Rechtsruck bei der Europawahl – Ein Kommentar

Zweierlei hat die Wahl zum EU-Parlament gezeigt. Zum einen: Die Angst vor dem Verlust einer Gemeinschaft, die trotz aller berechtigter Kritik an Konstrukt und Politik einen wesentlichen Beitrag zur Frieden und Stabilität – ja, auch wirtschaftlicher und im bescheidenen Maße sozialer – geleistet, Grenzen überwunden und Menschen zueinander geführt hat, ist groß.

Höhere Wahlbeteiligung

Der drohende Rechtsdrall hat diesmal weit mehr Menschen an die Urnen gebracht als bei vorangegangenen Europawahlen. Denn die von Rechtsaußen vollzogene Rückkehr zur Dominanz des Nationalen, der insbesondere bei Konservativen kaum auf Widerstand stieß, die höhnische Missachtung verbriefter europäischer Werte, wie sie sich in der Unterminierung einer gemeinsamen Flüchtlingspolitik zeigt, die unsanktionierte Jeder-ist sich-selbst-der-nächste-Mentalität setzen das »Projekt Europa« als Ganzes aufs Spiel. Angesichts dessen verteidigen selbst ausgewiesene EU-Kritiker die Integration. Zum anderen: Das Vertrauen in andere Parteien, tatsächlich dieses Europa verändern zu wollen und zu können, ist offenbar begrenzt. Zu abgehoben erscheinen die Programme, zu weit weg von der Lebensrealität, zu stark auf einzelne Aspekte fokussiert.

Ohne ideologische Grenzen

Dass im EU-Parlament künftig eine andere Politik nur gegen die gestärkte Fraktion von Europagegnern durchzusetzen ist, macht es nicht einfacher. Aber konstruktive Arbeit ohne ideologische Barrieren ist der vielleicht erfolgversprechendste Weg, den Rechten Einhalt zu gebieten.

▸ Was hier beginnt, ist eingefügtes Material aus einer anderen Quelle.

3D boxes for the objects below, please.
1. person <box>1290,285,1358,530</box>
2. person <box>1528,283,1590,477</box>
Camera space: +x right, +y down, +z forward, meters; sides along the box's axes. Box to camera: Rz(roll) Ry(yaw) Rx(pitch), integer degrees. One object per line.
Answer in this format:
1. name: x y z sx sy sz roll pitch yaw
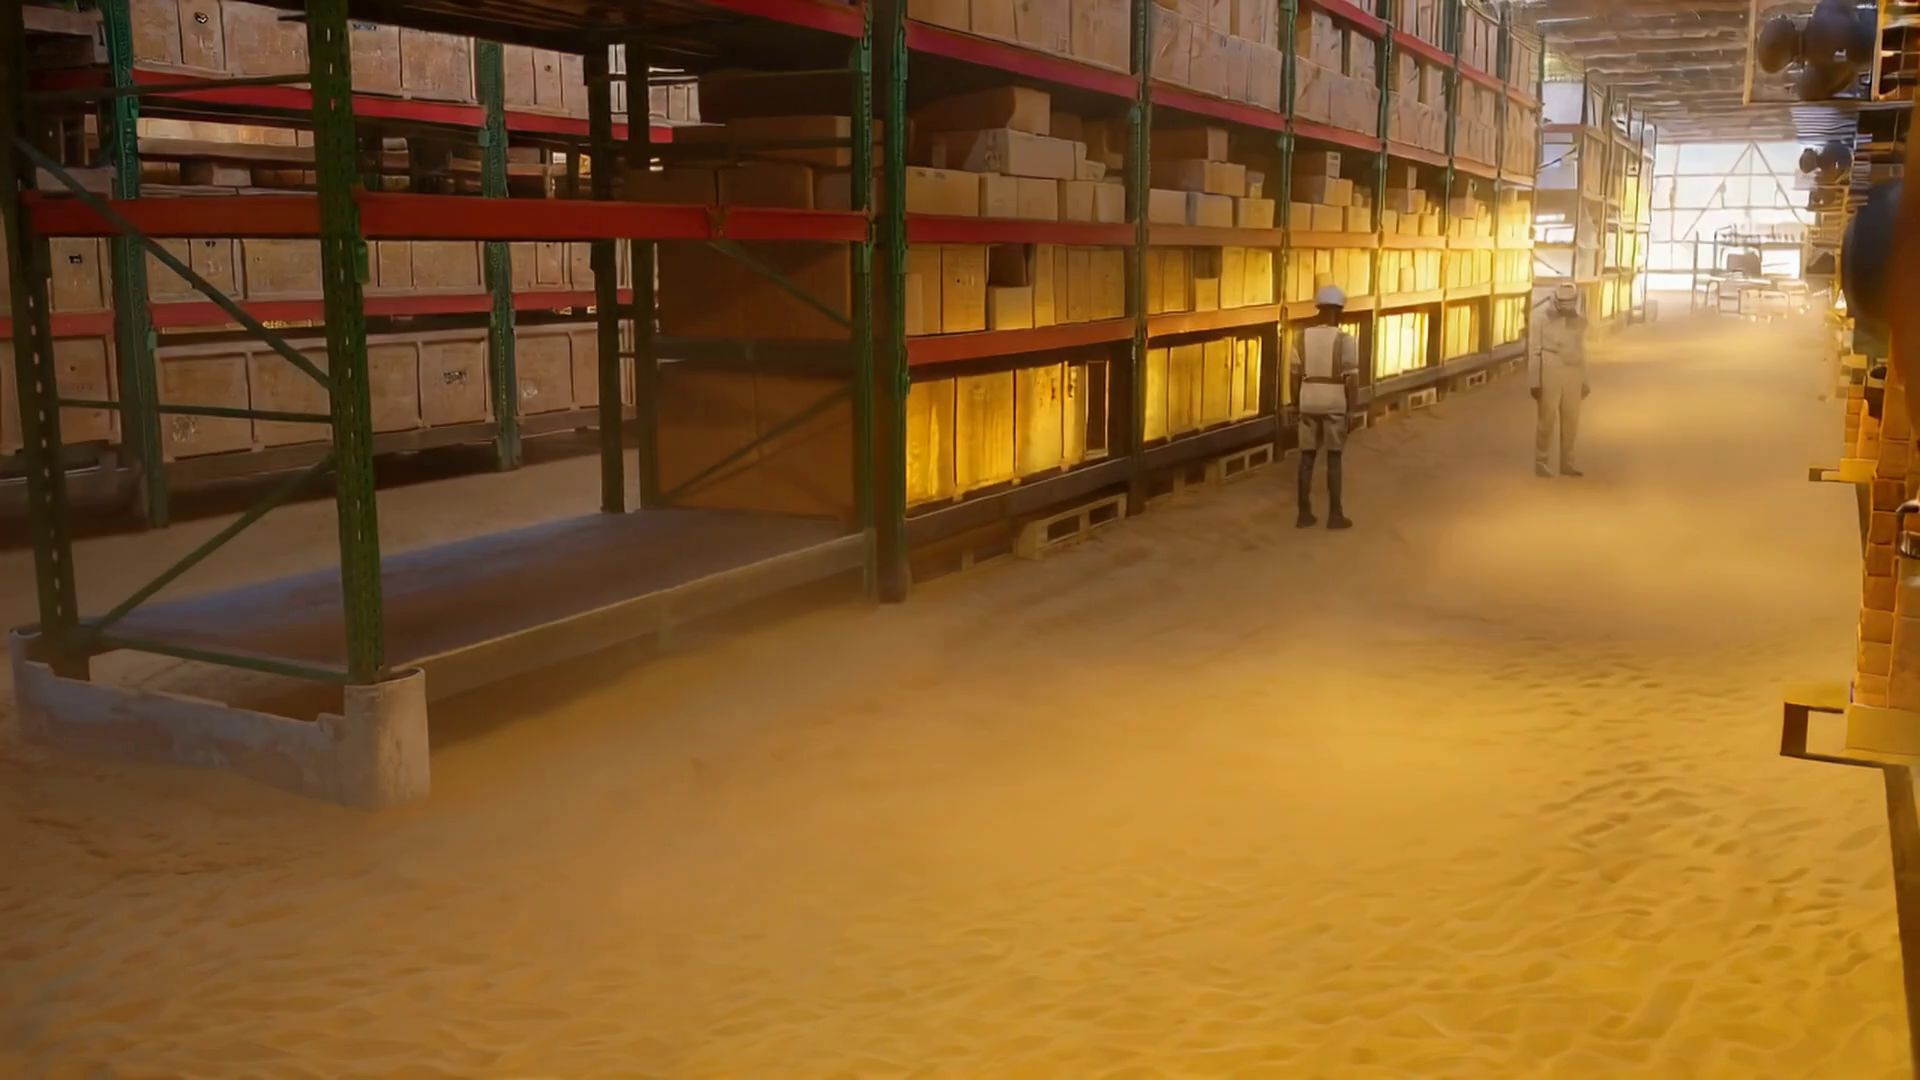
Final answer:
1. person: 2.879 -1.042 13.136 0.542 1.929 0.368 7 12 34
2. person: 5.845 -1.552 16.202 0.653 1.894 0.401 -3 10 -15

Und am Ende muss man sagen…

Am Ende muss man feststellen, dass alles hätte schlimmer kommen können. Zu groß waren die Schwankungen in den Prognosen zu den rechten Parteien in Europa. In den Niederlanden eher die Verlierer und in Deutschland ein kleiner rechter Gewinner mit der AfD, aber dann auch wieder nicht so richtig. Im Vergleich zur Bundestagswahl halt auch ein Verlierer. Der rechts-braune Komet namens Rassismus hat uns noch einmal knapp verfehlt – hat nur eine Spur hinterlassen.

Was tun?

Das war er nun, der oft besagte Schuss vor den Bug. Und nun? Wie nutzt man die Erkenntnisse aus dieser Europawahl und aus dem vorangegangenen Wahlkampf? Auf nationaler Ebene genauso wie auf europäischer Ebene.

Was man jetzt schon mit Gewissheit sagen kann: Wollen wir Deutschen und Europäer die braune Brut, die Gefahr von Rechts, bannen, so wird es nur über eine große und breit angelegte Front gehen. Wir haben in der Vergangenheit viele großartige Menschen in Deutschland und Europa gehabt, die immer wieder gegen Rechts auf die Straße gegangen sind oder anderen Aktionismus an den Tag gelegt haben. Dann gab es die vielen tausenden Sympathisanten und halt die Menschen, die gleichgültig zu- oder wegschauten.

Es ist wichtig, dass es in Zukunft ein einheitliches Bündnis in den einzelnen Staaten sowie in Europa gibt. Ein großer Zusammenschluss der Aktiven gegen Rechts. Unabhängig von politischen Richtungen und Glaubensfragen. Kompromissbereitschaft wird gefragt sein. Nicht irgendwann sondern jetzt. Denn morgen könnte es zu spät sein.

Meinen Enkelkindern möchte ich nicht irgendwann sagen müssen, dass wir es am Ende versäumt haben die Rechten zu stoppen, uns lieber mit unseren eigenen Eitelkeiten auseinander gesetzt haben.